(MATERIAL FOR THIS TASK Opens)

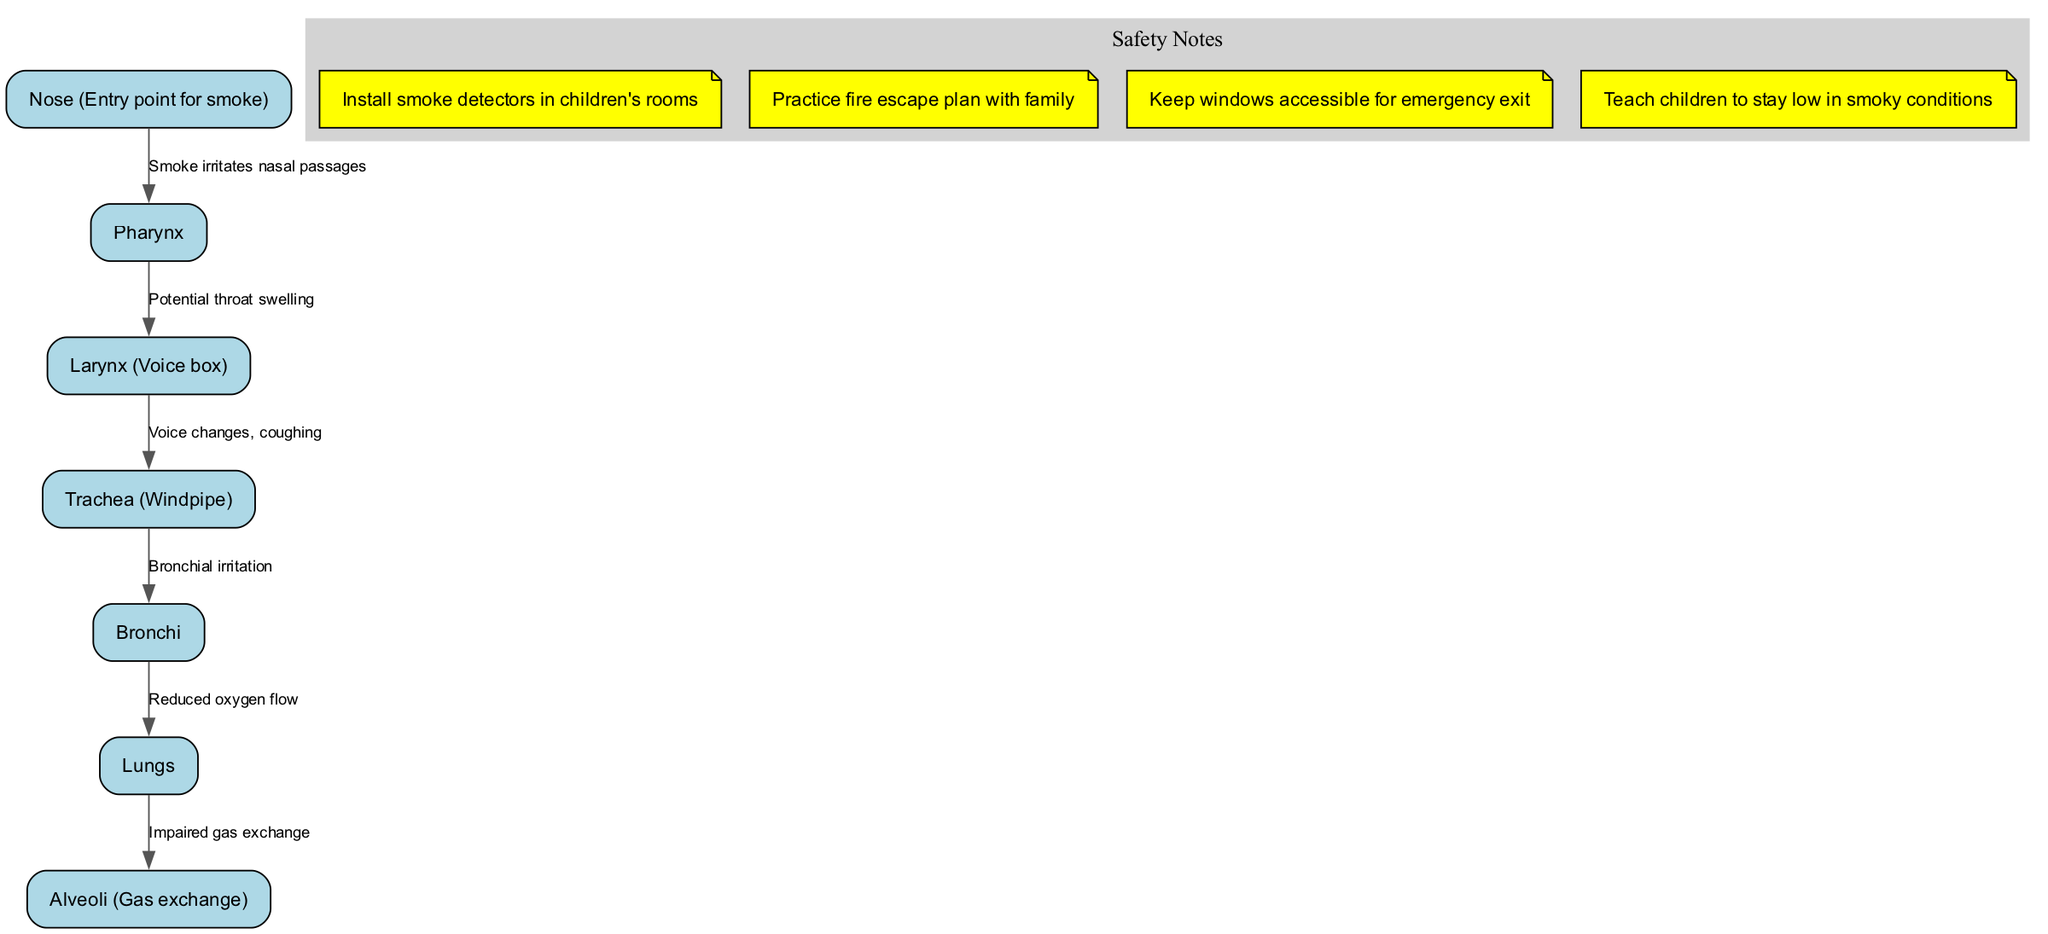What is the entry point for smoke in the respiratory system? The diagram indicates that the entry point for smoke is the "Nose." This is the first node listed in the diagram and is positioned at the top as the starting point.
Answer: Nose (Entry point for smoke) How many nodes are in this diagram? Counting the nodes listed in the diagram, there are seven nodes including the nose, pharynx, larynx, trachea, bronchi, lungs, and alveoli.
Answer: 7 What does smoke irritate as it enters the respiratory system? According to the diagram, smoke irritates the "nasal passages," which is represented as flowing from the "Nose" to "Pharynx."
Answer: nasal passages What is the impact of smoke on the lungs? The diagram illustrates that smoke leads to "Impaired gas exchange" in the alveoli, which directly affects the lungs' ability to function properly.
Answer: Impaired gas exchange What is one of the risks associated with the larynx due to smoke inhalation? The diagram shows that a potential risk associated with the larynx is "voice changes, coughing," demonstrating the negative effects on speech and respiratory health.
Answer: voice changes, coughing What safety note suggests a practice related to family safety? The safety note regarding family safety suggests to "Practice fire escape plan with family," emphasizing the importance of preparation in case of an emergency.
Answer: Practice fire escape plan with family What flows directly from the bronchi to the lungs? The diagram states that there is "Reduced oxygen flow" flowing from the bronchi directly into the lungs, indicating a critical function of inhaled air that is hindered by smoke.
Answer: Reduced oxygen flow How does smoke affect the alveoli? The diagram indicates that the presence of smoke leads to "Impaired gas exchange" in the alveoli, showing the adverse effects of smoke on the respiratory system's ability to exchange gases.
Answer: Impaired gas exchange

(MATERIAL FOR THIS TASK Closes)

• **YOUR TASK**
Exactly reproduce the run of lines from the start of the listing through the line with "Answer: 7 What", inclusive; pictures are not copied.

• **EXERCISE RESULT**
What is the entry point for smoke in the respiratory system? The diagram indicates that the entry point for smoke is the "Nose." This is the first node listed in the diagram and is positioned at the top as the starting point.
Answer: Nose (Entry point for smoke) How many nodes are in this diagram? Counting the nodes listed in the diagram, there are seven nodes including the nose, pharynx, larynx, trachea, bronchi, lungs, and alveoli.
Answer: 7 What does smoke irritate as it enters the respiratory system? According to the diagram, smoke irritates the "nasal passages," which is represented as flowing from the "Nose" to "Pharynx."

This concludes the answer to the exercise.